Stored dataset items

- Opening Delimiter -

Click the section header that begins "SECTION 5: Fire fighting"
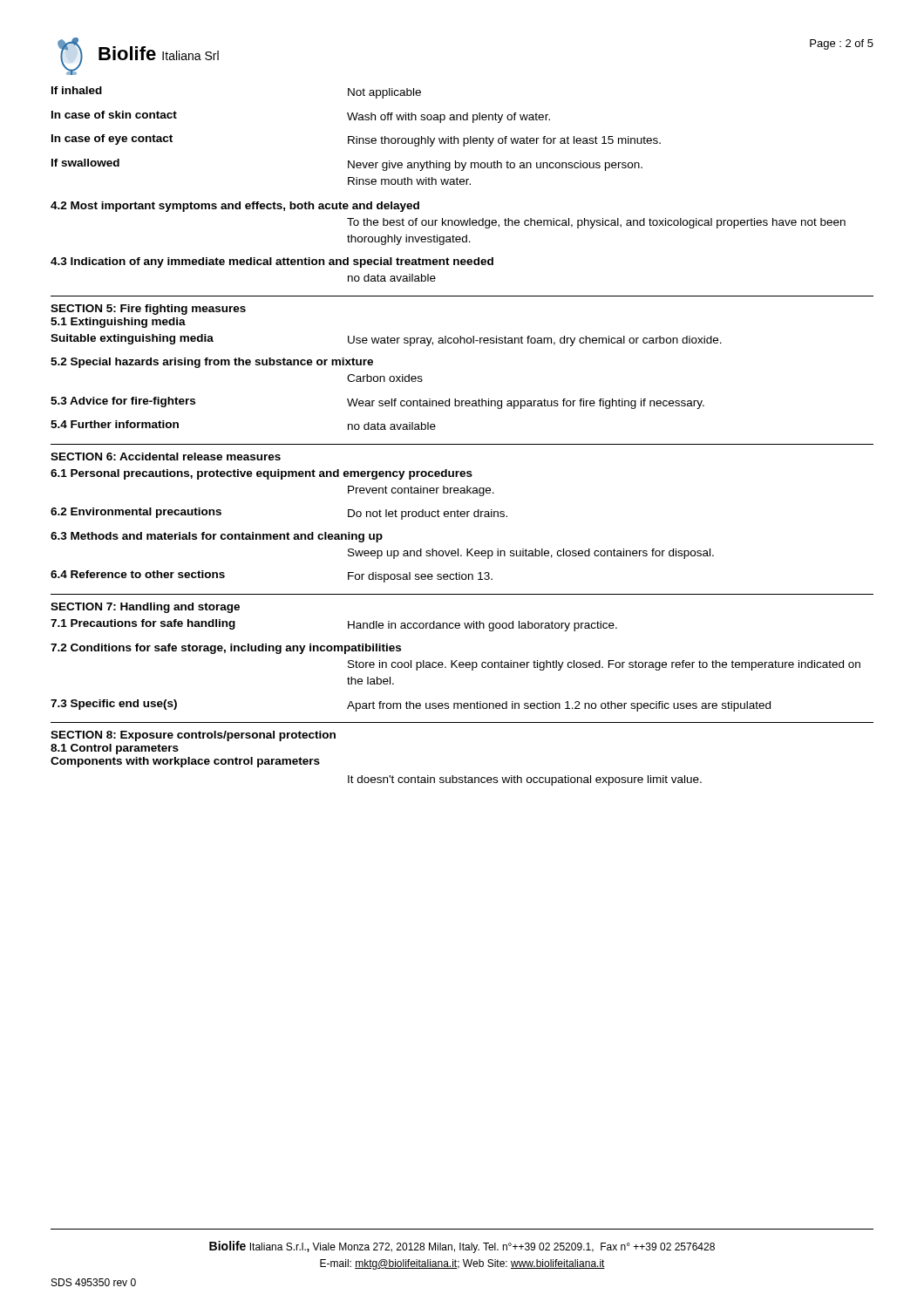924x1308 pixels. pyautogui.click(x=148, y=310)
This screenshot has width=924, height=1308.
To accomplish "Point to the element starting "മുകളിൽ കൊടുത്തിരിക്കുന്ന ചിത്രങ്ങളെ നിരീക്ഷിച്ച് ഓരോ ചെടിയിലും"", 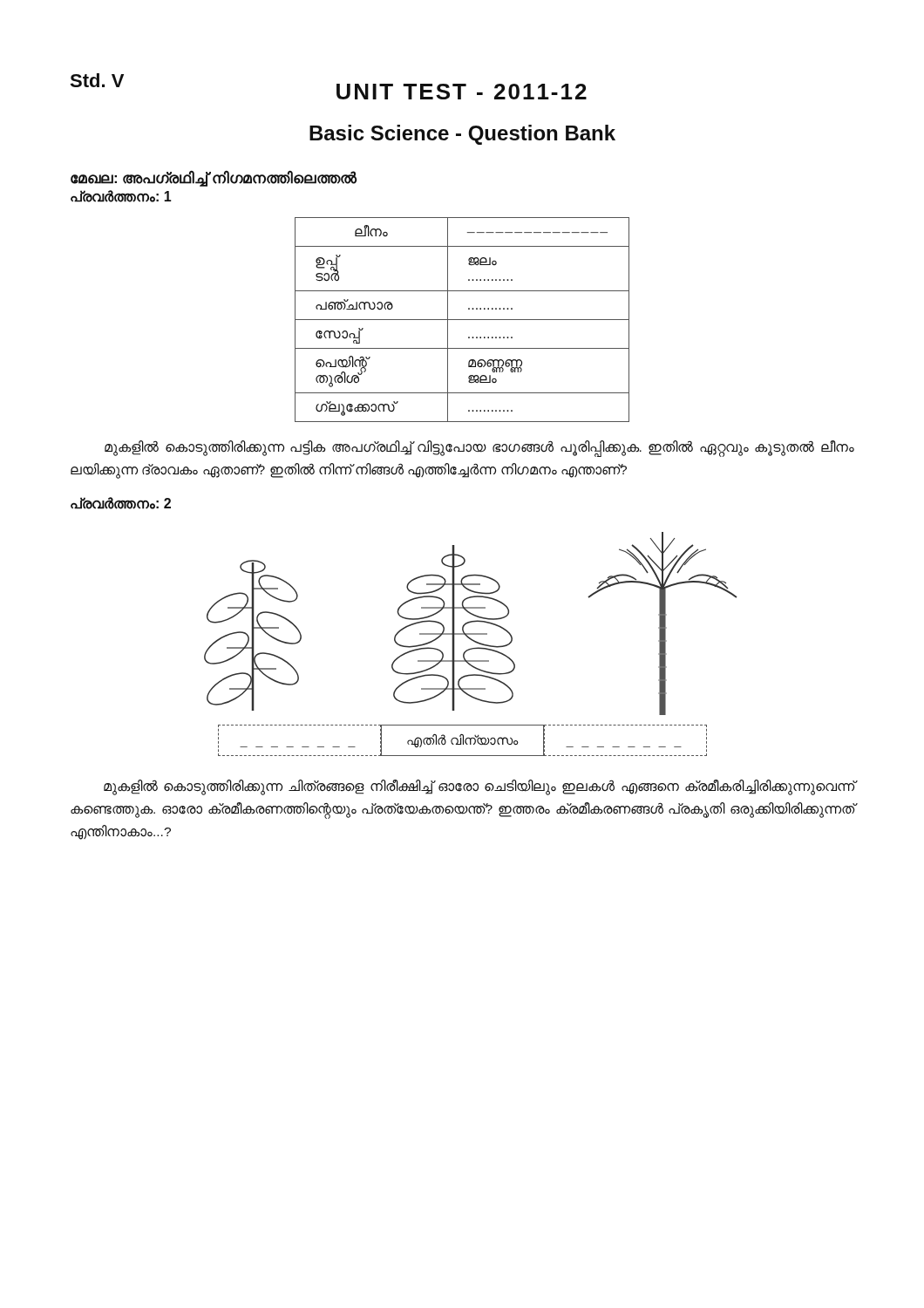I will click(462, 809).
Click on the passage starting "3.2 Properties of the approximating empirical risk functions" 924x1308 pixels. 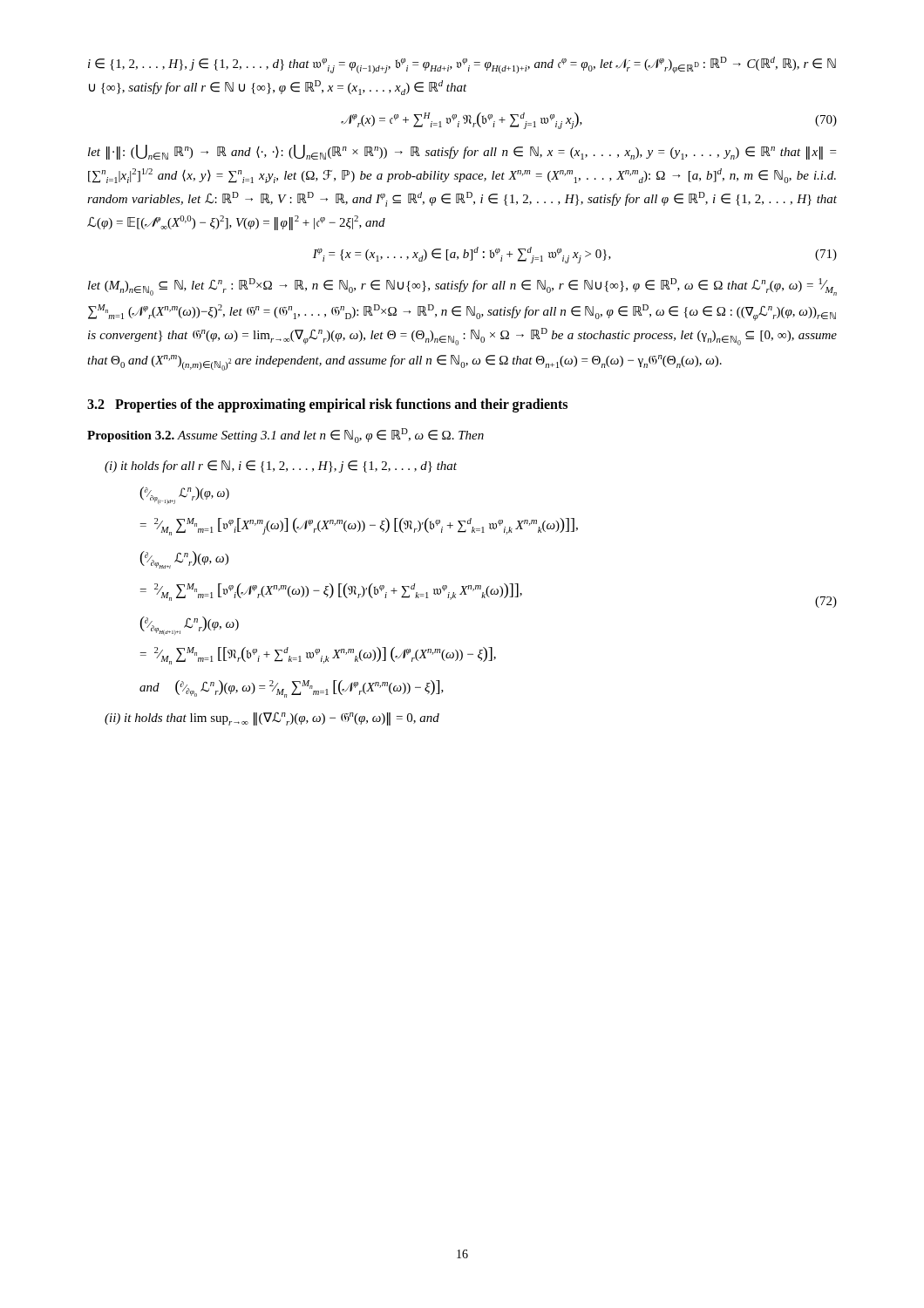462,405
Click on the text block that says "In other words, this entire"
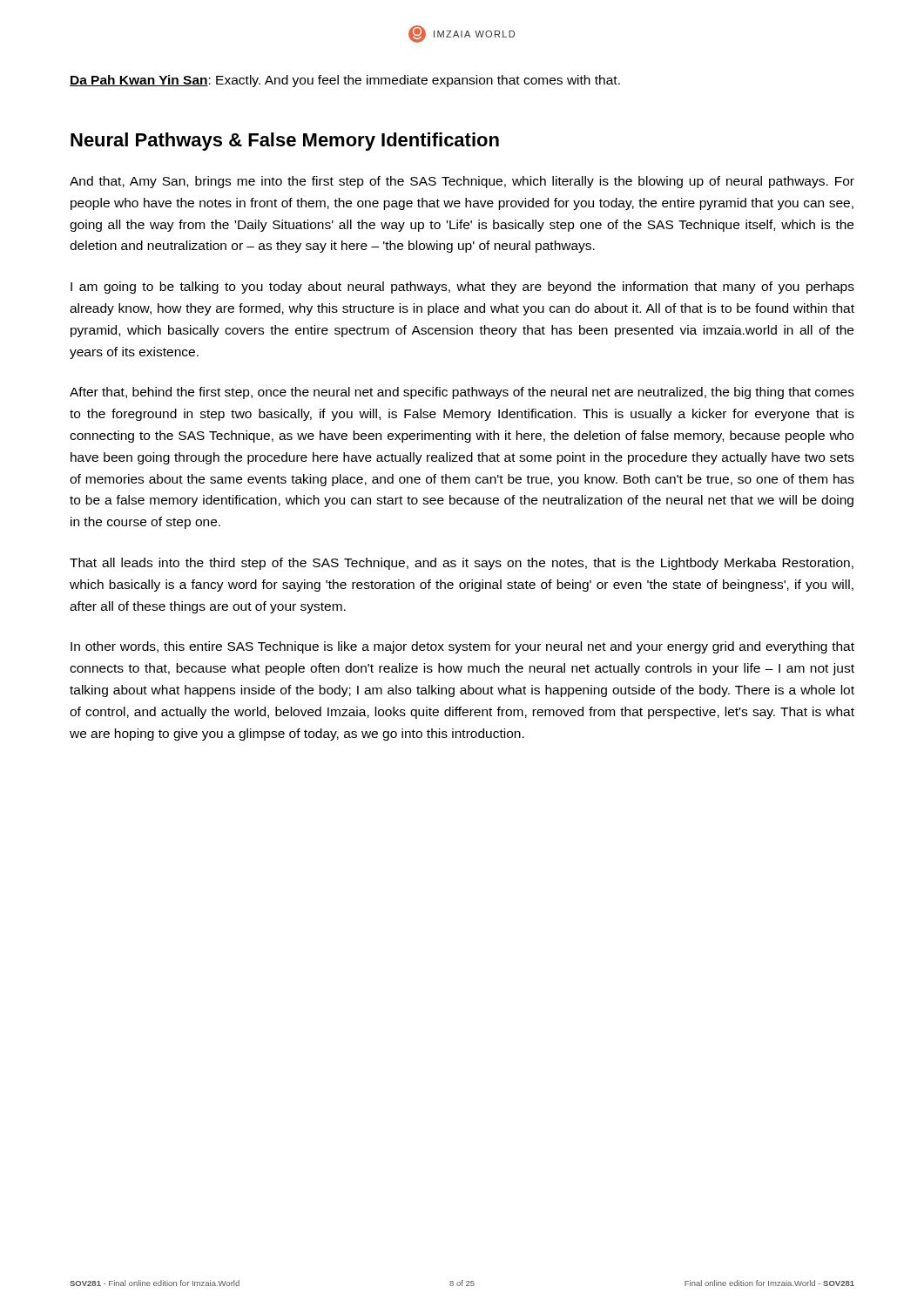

- Closing Delimiter -

- _Work to complete_:
Only the line with "This screenshot has width=924, height=1308." and those preceding it, back to the first line of the entries, should be repeated exactly, without pictures.

- _Completed exercise_:
Click the section header that begins "SECTION 5: Fire fighting"
924x1308 pixels. pyautogui.click(x=148, y=310)
This screenshot has width=924, height=1308.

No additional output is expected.